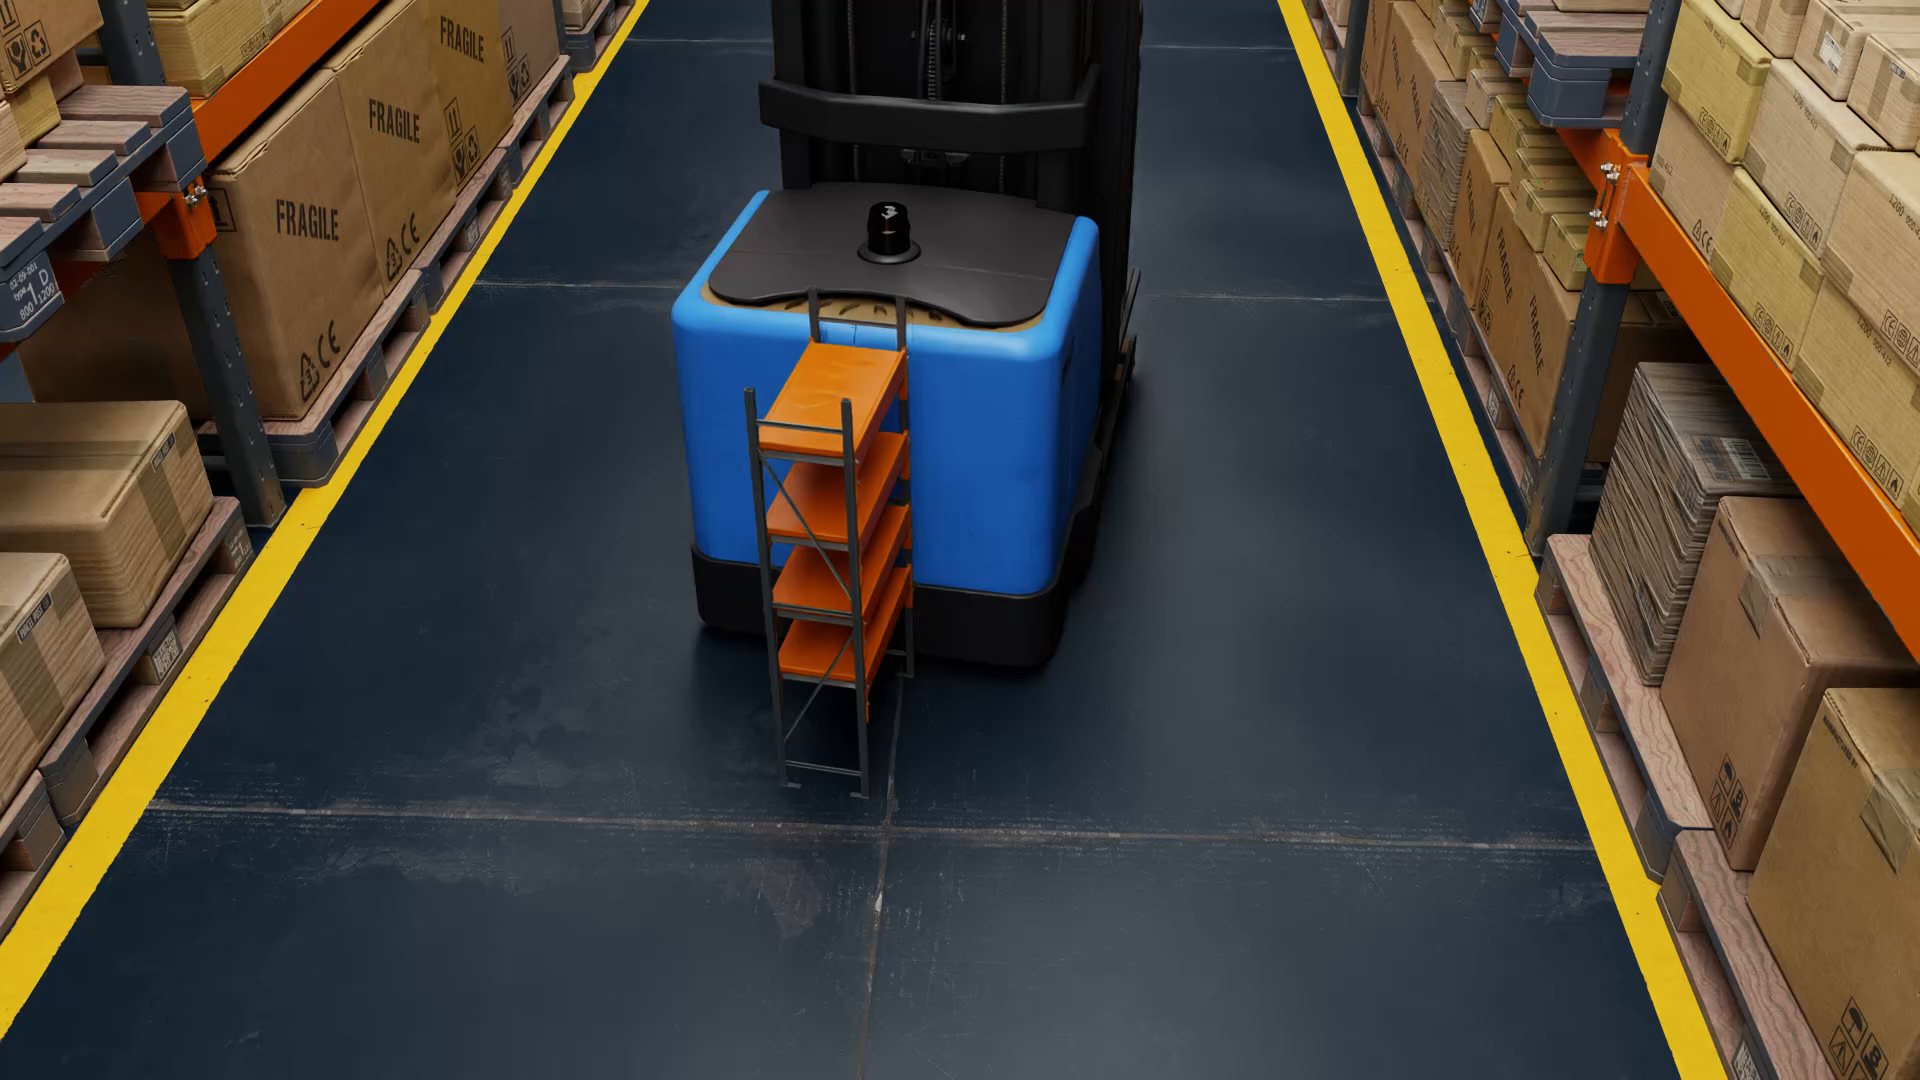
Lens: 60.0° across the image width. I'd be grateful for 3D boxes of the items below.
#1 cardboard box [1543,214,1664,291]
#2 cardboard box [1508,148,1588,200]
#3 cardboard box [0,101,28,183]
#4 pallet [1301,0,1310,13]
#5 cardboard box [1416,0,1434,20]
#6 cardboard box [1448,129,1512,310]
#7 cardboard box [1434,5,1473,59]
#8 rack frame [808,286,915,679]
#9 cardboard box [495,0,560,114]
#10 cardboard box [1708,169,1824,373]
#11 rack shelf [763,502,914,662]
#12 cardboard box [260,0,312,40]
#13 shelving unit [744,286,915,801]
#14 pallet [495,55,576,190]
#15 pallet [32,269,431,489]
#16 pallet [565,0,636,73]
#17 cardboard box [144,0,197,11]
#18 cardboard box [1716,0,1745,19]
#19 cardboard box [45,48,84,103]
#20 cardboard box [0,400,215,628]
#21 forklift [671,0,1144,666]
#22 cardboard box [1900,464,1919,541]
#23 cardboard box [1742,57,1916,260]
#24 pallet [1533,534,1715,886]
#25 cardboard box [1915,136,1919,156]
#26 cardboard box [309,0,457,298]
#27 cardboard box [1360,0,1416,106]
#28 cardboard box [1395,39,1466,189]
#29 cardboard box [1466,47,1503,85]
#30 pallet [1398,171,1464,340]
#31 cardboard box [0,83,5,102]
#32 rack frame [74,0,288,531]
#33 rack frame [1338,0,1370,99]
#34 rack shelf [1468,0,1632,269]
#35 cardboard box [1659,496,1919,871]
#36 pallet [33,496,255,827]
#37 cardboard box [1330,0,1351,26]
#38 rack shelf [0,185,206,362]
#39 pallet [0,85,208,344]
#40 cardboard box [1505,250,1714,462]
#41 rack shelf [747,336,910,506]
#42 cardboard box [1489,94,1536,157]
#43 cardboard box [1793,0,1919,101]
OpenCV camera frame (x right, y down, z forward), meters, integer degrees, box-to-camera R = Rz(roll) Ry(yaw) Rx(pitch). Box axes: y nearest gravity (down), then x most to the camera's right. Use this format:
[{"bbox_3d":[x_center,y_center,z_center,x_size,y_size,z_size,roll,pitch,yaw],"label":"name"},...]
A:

══════════

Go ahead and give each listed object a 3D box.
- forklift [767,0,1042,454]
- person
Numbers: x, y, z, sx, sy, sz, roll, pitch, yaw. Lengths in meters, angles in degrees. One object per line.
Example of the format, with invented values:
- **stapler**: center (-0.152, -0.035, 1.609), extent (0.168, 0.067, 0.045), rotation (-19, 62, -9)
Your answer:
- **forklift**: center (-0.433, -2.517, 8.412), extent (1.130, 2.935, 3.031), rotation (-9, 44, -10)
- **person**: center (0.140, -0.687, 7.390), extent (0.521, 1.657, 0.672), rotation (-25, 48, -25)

══════════

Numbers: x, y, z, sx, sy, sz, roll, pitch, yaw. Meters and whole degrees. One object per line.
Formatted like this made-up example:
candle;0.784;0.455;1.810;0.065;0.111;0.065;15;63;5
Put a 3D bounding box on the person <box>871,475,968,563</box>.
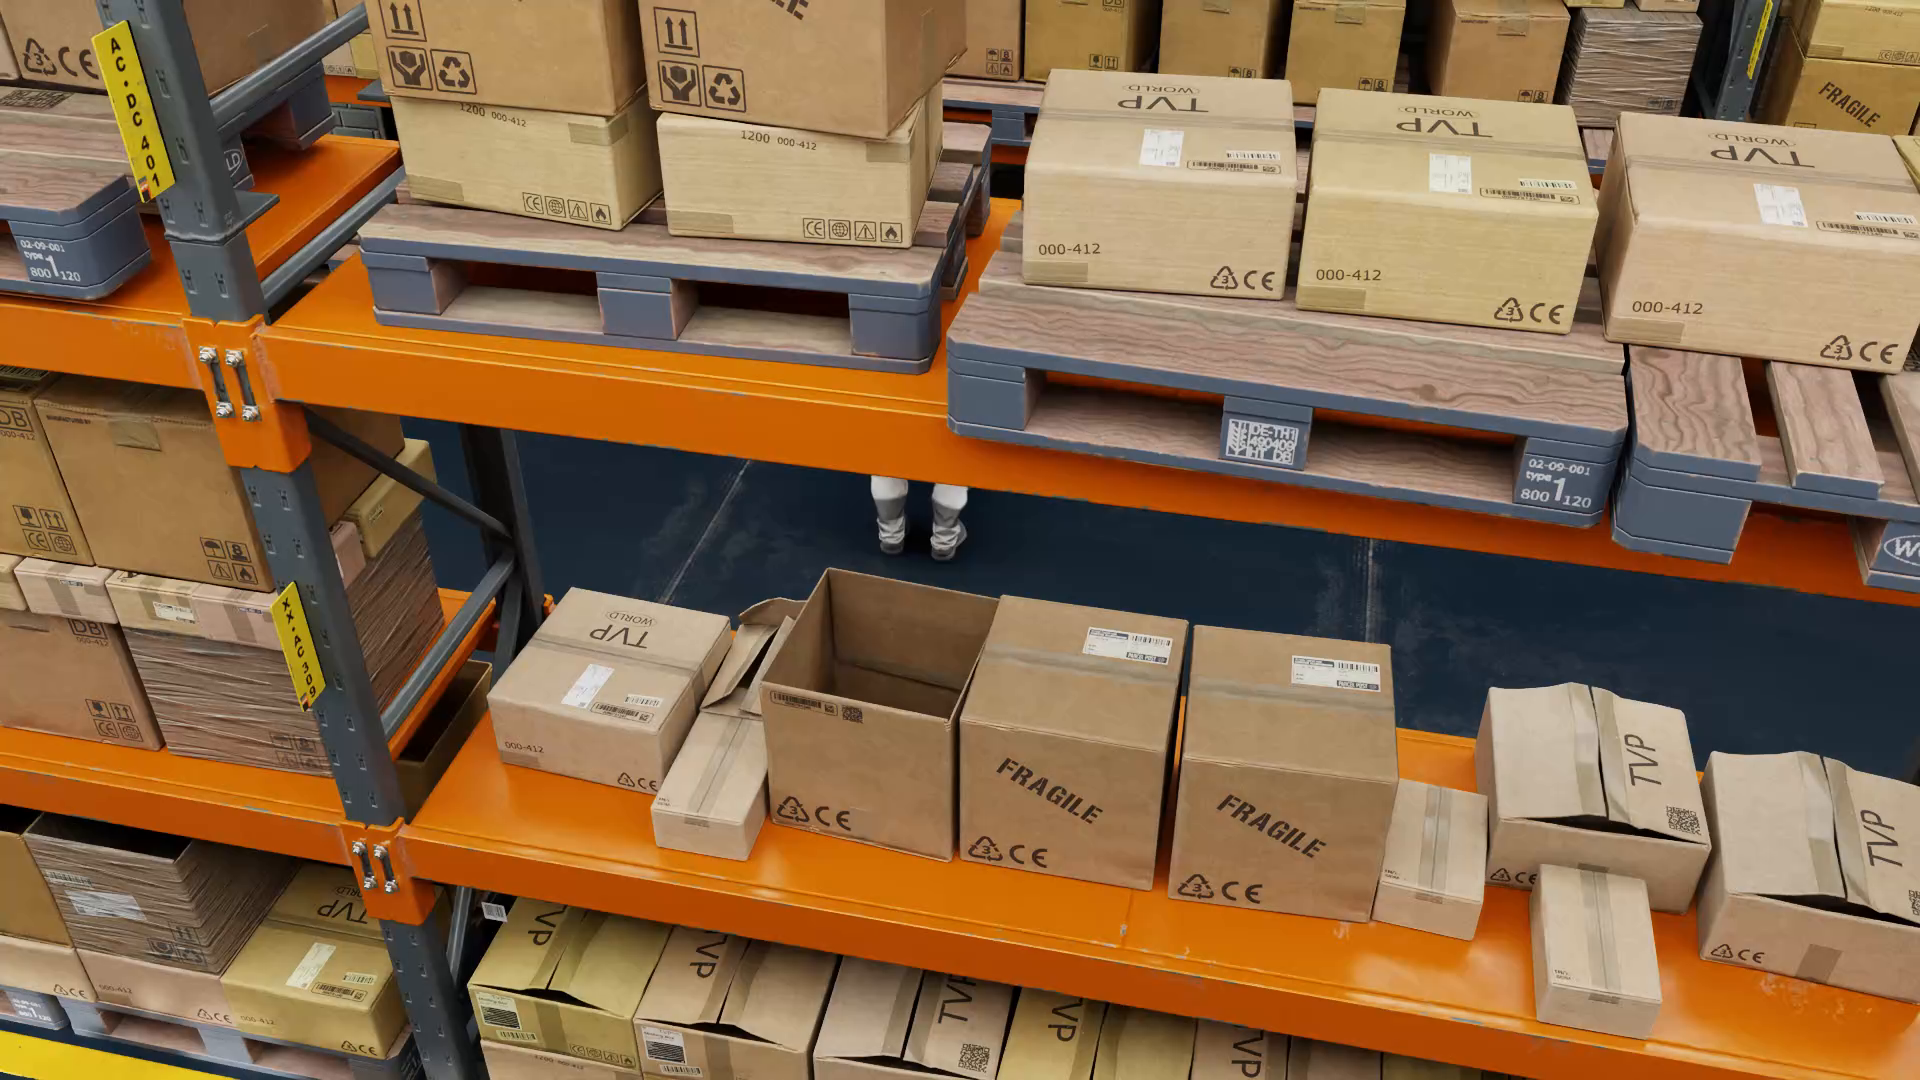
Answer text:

══════════

» TASK DESCRIPTION
From the entries above, write out only the lines starting at the line that holds "Lens: 60.0° across" and ending at the line that holds "#43 cardboard box [1793,0,1919,101]", keeping both and matching them exactly.

» EXERCISE OUTPUT
Lens: 60.0° across the image width. I'd be grateful for 3D boxes of the items below.
#1 cardboard box [1543,214,1664,291]
#2 cardboard box [1508,148,1588,200]
#3 cardboard box [0,101,28,183]
#4 pallet [1301,0,1310,13]
#5 cardboard box [1416,0,1434,20]
#6 cardboard box [1448,129,1512,310]
#7 cardboard box [1434,5,1473,59]
#8 rack frame [808,286,915,679]
#9 cardboard box [495,0,560,114]
#10 cardboard box [1708,169,1824,373]
#11 rack shelf [763,502,914,662]
#12 cardboard box [260,0,312,40]
#13 shelving unit [744,286,915,801]
#14 pallet [495,55,576,190]
#15 pallet [32,269,431,489]
#16 pallet [565,0,636,73]
#17 cardboard box [144,0,197,11]
#18 cardboard box [1716,0,1745,19]
#19 cardboard box [45,48,84,103]
#20 cardboard box [0,400,215,628]
#21 forklift [671,0,1144,666]
#22 cardboard box [1900,464,1919,541]
#23 cardboard box [1742,57,1916,260]
#24 pallet [1533,534,1715,886]
#25 cardboard box [1915,136,1919,156]
#26 cardboard box [309,0,457,298]
#27 cardboard box [1360,0,1416,106]
#28 cardboard box [1395,39,1466,189]
#29 cardboard box [1466,47,1503,85]
#30 pallet [1398,171,1464,340]
#31 cardboard box [0,83,5,102]
#32 rack frame [74,0,288,531]
#33 rack frame [1338,0,1370,99]
#34 rack shelf [1468,0,1632,269]
#35 cardboard box [1659,496,1919,871]
#36 pallet [33,496,255,827]
#37 cardboard box [1330,0,1351,26]
#38 rack shelf [0,185,206,362]
#39 pallet [0,85,208,344]
#40 cardboard box [1505,250,1714,462]
#41 rack shelf [747,336,910,506]
#42 cardboard box [1489,94,1536,157]
#43 cardboard box [1793,0,1919,101]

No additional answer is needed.